По сути, деятельность организаций сводится к двум вещам: производству и продаже.
Исследования рынка, планирование, учет, выездные совещания, ввод данных в компьютеры –
это все вторично. Важно физически изготовить какой-то товар или предложить услугу и
добиться, чтобы кто-то их приобрел. Можно сказать без особого преувеличения, что наши
программы MBA берут людей, которые ни разу в жизни ничего не изготовили и не продали, и
прикладывают все усилия к тому, чтобы они никогда в своей жизни этого не сделали. Сколько
выпускников MBA идут работать в продажи или на производство? Сколько из них хотя бы
руководят этими процессами, не говоря уж о том, чтобы это реально делать? Я недавно опросил
две группы студентов MBA. Производством заинтересовался один студент, продажами – никто.

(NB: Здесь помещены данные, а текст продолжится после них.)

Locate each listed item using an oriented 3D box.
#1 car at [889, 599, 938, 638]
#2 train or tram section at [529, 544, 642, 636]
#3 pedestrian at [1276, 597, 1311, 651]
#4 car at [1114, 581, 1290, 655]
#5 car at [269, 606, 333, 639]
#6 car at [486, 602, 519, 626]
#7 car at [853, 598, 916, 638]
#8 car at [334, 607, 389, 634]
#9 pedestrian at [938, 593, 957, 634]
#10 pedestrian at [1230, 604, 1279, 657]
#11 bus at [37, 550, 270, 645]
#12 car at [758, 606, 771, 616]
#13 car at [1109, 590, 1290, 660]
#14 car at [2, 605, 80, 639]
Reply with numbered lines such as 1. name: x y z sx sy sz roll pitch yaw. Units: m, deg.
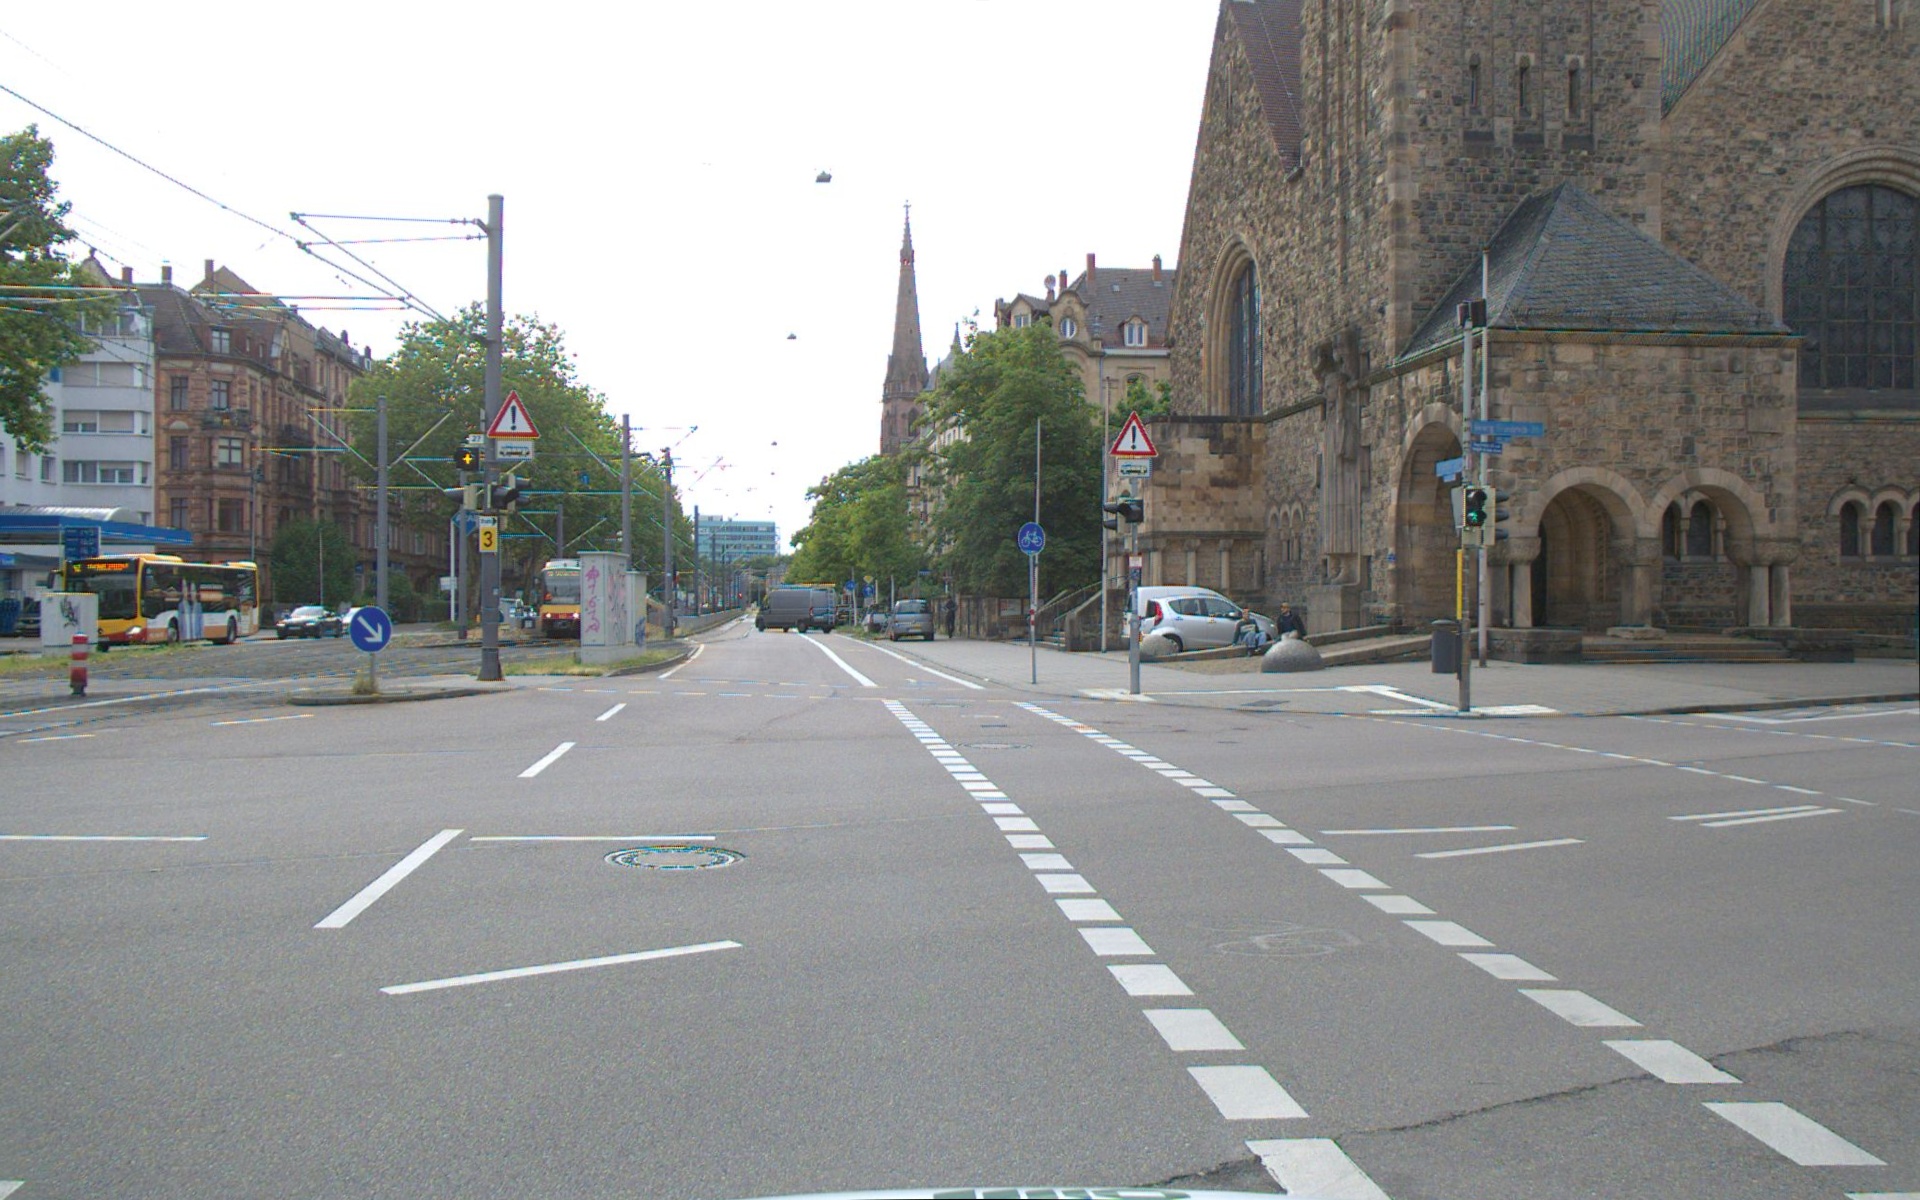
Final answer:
1. car: -1.912 0.726 66.746 1.670 1.484 3.885 1 0 -6
2. train or tram section: -18.787 -0.450 84.141 3.572 4.164 15.021 1 0 -5
3. pedestrian: 7.878 0.570 39.142 0.721 1.250 1.063 1 0 8
4. car: 6.676 0.495 45.759 4.523 1.914 1.660 1 0 -7
5. car: -29.559 0.978 74.281 1.670 1.382 3.885 1 0 -6
6. car: -33.822 1.020 122.404 1.670 1.742 3.885 1 0 -6
7. car: -3.546 0.784 76.705 2.163 1.776 5.019 0 0 -12
8. car: -29.938 1.024 82.810 1.670 1.242 3.885 1 0 -6
9. pedestrian: -0.525 0.565 69.278 0.760 1.676 0.798 1 0 -1
10. pedestrian: 6.927 0.703 39.010 0.722 1.212 1.491 1 0 -6
11. bus: -27.796 -0.071 57.912 3.218 2.906 12.364 1 0 -6
12. car: -29.778 1.672 251.847 1.770 1.364 3.993 0 0 -8
13. car: 6.097 0.640 42.282 4.266 1.665 1.660 1 0 -7
14. car: -39.521 0.941 71.208 1.670 1.382 3.399 1 0 -6

Какие сферы деятельности наиболее популярны у выпускников? Финансовая сфера, где от
суеты с людьми и товарами их отделяет абстракция денег, которая так хорошо соответствует
тяге к количественным показателям, которую воспитывает обучение MBA; консалтинг, где
обретает вторую жизнь метод обучения на основе кейсов, – эксперт со стороны предлагает
быстрое решение; планирование, то есть грезы специалистов об абстрактном будущем тех
организаций, о реальной жизни которых они вряд ли когда-нибудь узнают; наконец, маркетинг,
где вместо работы с покупателями нужно манипулировать концепциями и составлять сводные
отчеты.
Ливингстон в своей статье критикует образование в сфере менеджмента за оторванность от
практики; сейчас мы наблюдаем эту оторванность среди дипломированных специалистов. Эти
успешные молодые менеджеры быстро обходят соперников, начиная с более выгодной позиции,
и способны пробиться на самые высокие посты, ни разу не взяв в руки ничего тяжелее
распечатки с цифрами, не запачкавшись ничем, кроме тонера из копировального аппарата, ни
разу не встретив клиента, который не был бы статистикой в компьютере. При этом они делают
вид, что занимаются так называемым «прикладным» менеджментом, в то время как их рынки
постепенно отходят к хитрым японцам.
Моя идеальная программа обучения менеджеров брала бы признанных лидеров,
поднаторевших в производстве и продажах в рамках одной отрасли, и наращивала бы на их
неформальные знания и врожденную интуицию лучшие методы развития навыков,
концептуальные сведения и практические приемы, чтобы они могли по-новому взглянуть на то,
что уже хорошо им знакомо. Конечно, любой умный студент может выучить на занятиях что-то
полезное. Но давайте не будем содействовать дальнейшему распространению поверхностности
во имя так называемого профессионального менеджмента. Наши организации слишком важны
для нас, чтобы так с ними поступать.